Input and output blocks are key components of snakemake workflows. In this chapter, we will discuss the use of input and output blocks a bit more comprehensively.

Providing inputs and outputs

As we saw previously, snakemake will happily take multiple input and output values via comma-separated lists and substitute them into strings in shell blocks.

rule example:
   input:
       "file1.txt",
       "file2.txt",
   output:
       "output file1.txt",
       "output file2.txt",
   shell: """
       echo {input:q}
       echo {output:q}
       touch {output:q}
   """

When these are substituted into shell commands with {input} and {output} they will be turned into space-separated ordered lists: e.g. the above shell command will print out first file1.txt file2.txt and then output file1.txt output file2.txt before using touch to create the empty output files.

In this example we are also asking snakemake to quote filenames for the shell command using :q - this means that if there are spaces, characters like single or double quotation marks, or other characters with special meaning they will be properly escaped using Python's shlex.quote function. For example, here both output files contain a space, and so touch {output} would create three files -- output, file1.txt, and file2.txt -- rather than the correct two files, output file1.txt and output file2.txt.

Quoting filenames with {...:q} should always be used for anything executed in a shell block - it does no harm and it can prevent serious bugs!

Where can we (and should we) put commas?

In the above code example, you will notice that "file2.txt" and "output file2.txt" have commas after them:

rule example:
   input:
       "file1.txt",
       "file2.txt",
   output:
       "output file1.txt",
       "output file2.txt",
   shell: """
       echo {input:q}
       echo {output:q}
       touch {output:q}
   """

Are these required? No. The above code is equivalent to:

rule example:
   input:
       "file1.txt",
       "file2.txt"
   output:
       "output file1.txt",
       "output file2.txt"
   shell: """
       echo {input:q}
       echo {output:q}
       touch {output:q}
   """

where there are no commas after the last line in input and output.

The general rule is this: you need internal commas to separate items in the list, because otherwise strings will be concatenated to each other - i.e. "file1.txt" "file2.txt" will become "file1.txtfile2.txt", even if there's a newline between them! But a comma trailing after the last filename is optional (and ignored).

Why!? These are Python tuples and you can add a trailing comma if you like: a, b, c, is equivalent to a, b, c. You can read more about that syntax here (CTB link to specific section).

So why do we add a trailing comma?! I suggest using trailing commas because it makes it easy to add a new input or output without forgetting to add a comma, and this is a mistake I make frequently! This is a (small and simple but still useful) example of defensive programming, where we can use optional syntax rules to head off common mistakes.

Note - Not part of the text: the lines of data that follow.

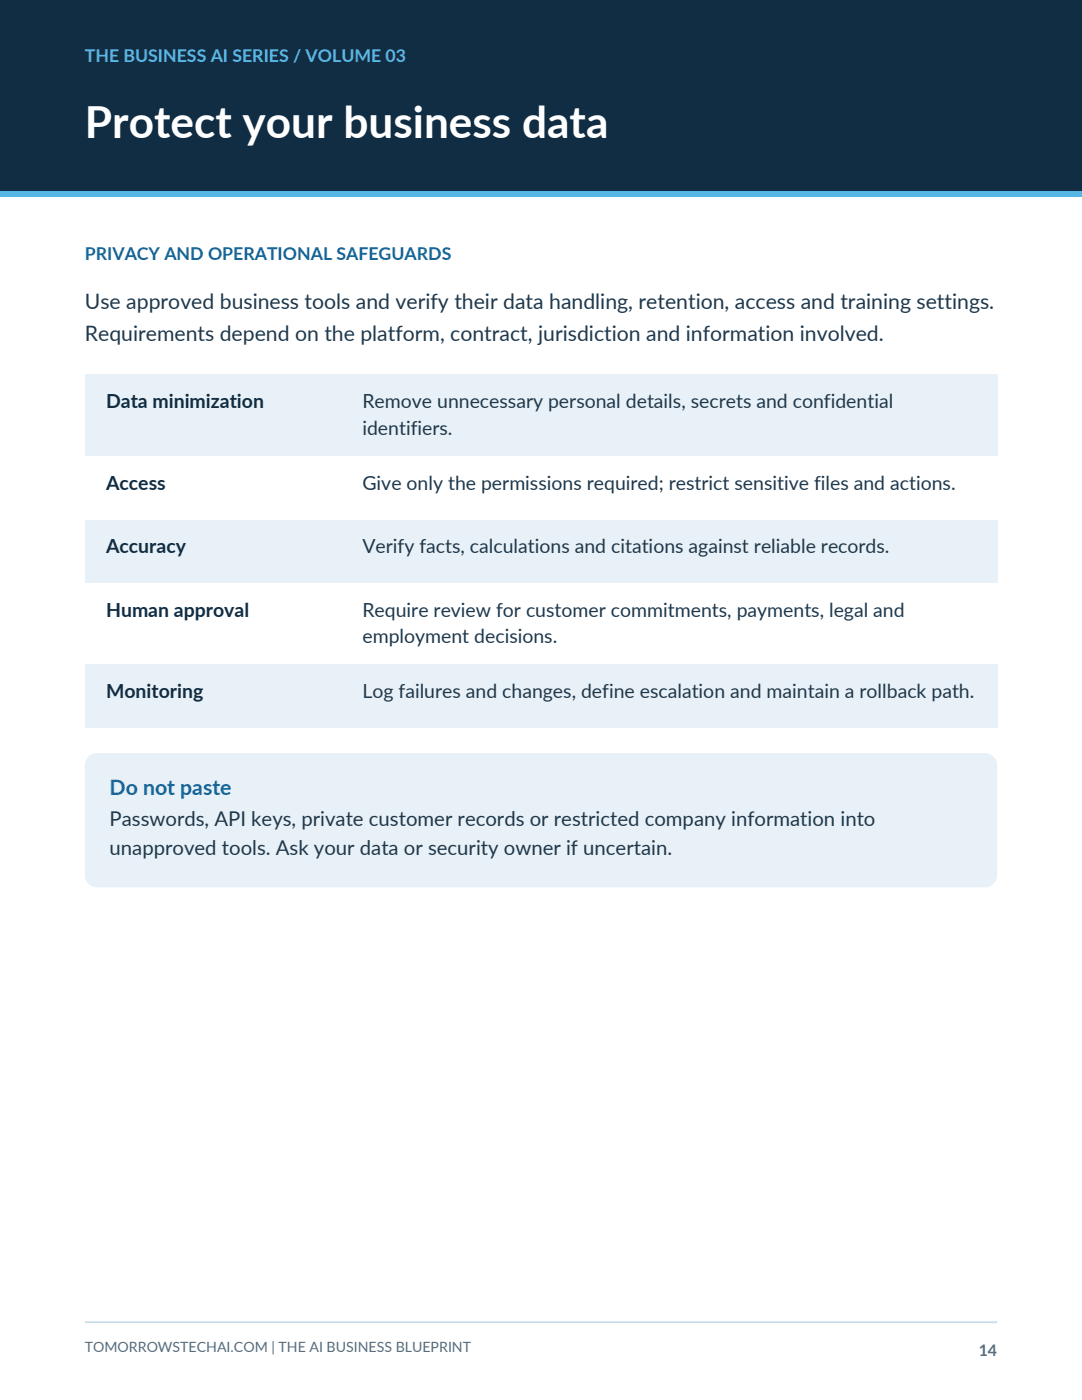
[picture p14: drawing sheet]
<svg xmlns="http://www.w3.org/2000/svg" width="216mm" height="279mm" viewBox="0 0 216 279" stroke-linecap="round" stroke-linejoin="round" font-family="sans-serif">
<defs><g id="words">
<text font-size="8.8" fill="#fff" x="16.9" y="27.5">Protect your business data</text>
<g font-size="4.2" fill="#20384b">
<text x="16.9" y="61.7">Use approved business tools and verify their data handling, retention, access and training settings.</text>
<text x="16.9" y="68.1">Requirements depend on the platform, contract, jurisdiction and information involved.</text>
</g>
<text font-size="4.2" fill="#17669b" x="21.9" y="158.8">Do not paste</text>
<g font-size="4.1" fill="#20384b">
<text x="21.9" y="164.9">Passwords, API keys, private customer records or restricted company information into</text>
<text x="21.9" y="170.6">unapproved tools. Ask your data or security owner if uncertain.</text>
</g>
<g font-size="3.9" fill="#102d44">
<text x="21.2" y="81.5">Data minimization</text>
<text x="21.2" y="97.7">Access</text>
<text x="21.2" y="110.4">Accuracy</text>
<text x="21.2" y="123.1">Human approval</text>
<text x="21.2" y="139.3">Monitoring</text>
</g>
<g font-size="3.9" fill="#20384b">
<text x="72.3" y="81.5">Remove unnecessary personal details, secrets and confidential</text>
<text x="72.3" y="86.8">identifiers.</text>
<text x="72.3" y="97.7">Give only the permissions required; restrict sensitive files and actions.</text>
<text x="72.3" y="110.4">Verify facts, calculations and citations against reliable records.</text>
<text x="72.3" y="123.1">Require review for customer commitments, payments, legal and</text>
<text x="72.3" y="128.4">employment decisions.</text>
<text x="72.3" y="139.3">Log failures and changes, define escalation and maintain a rollback path.</text>
</g>
<text font-size="3.5" fill="#56b7e6" x="16.9" y="12.3">THE BUSINESS AI SERIES / VOLUME 03</text>
<text font-size="3.5" fill="#17669b" x="16.9" y="51.9">PRIVACY AND OPERATIONAL SAFEGUARDS</text>
<text font-size="3.2" fill="#536b80" x="195.3" y="270.6">14</text>
<text font-size="2.8" fill="#536b80" x="16.9" y="269.9">TOMORROWSTECHAI.COM | THE AI BUSINESS BLUEPRINT</text>
</g></defs>
<path d="M0 0h215.9v38.8h-215.9z" fill-rule="evenodd" fill="#102d44"/>
<path d="M0 38.1h215.9v1.1h-215.9z" fill-rule="evenodd" fill="#56b7e6"/>
<path d="M16.9 74.8h182.1v16.2h-182.1z" fill-rule="evenodd" fill="#e8f1f7"/>
<path d="M16.9 91h182.1v12.7h-182.1z" fill-rule="evenodd" fill="#fff"/>
<path d="M16.9 103.7h182.1v12.7h-182.1z" fill-rule="evenodd" fill="#e8f1f7"/>
<path d="M16.9 116.4h182.1v16.2h-182.1z" fill-rule="evenodd" fill="#fff"/>
<g fill="#e8f1f7">
<path d="M16.9 132.6h182.1v12.7h-182.1z" fill-rule="evenodd"/>
<path d="M17.9 150.8l.9-.5h.6h177.1a2.47 2.47 0 0 1 2.5 2.5v21.8a2.47 2.47 0 0 1-2.5 2.5h-177.1a2.47 2.47 0 0 1-2.5-2.5v-21.8a2.46 2.46 0 0 1 1-2z" fill-rule="evenodd"/>
</g>
<path d="M16.9 263.9h182.1" fill="none" stroke="#c8dce9" stroke-width=".35"/>
<use href="#words"/>
</svg>

Inputs and outputs are ordered lists

We can also refer to individual input and output entries by using square brackets to index them as lists, starting with position 0:

rule example:
   ...
   shell: """
       echo first input is {input[0]:q}
       echo second input is {input[1]:q}
       echo first output is {output[0]:q}
       echo second output is {output[1]:q}
       touch {output}
   """

However, we don't recommend this because it's fragile. If you change the order of the inputs and outputs, or add new inputs, you have to go through and adjust the indices to match. Relying on the number and position of indices in a list is error prone and will make changing your Snakefile harder!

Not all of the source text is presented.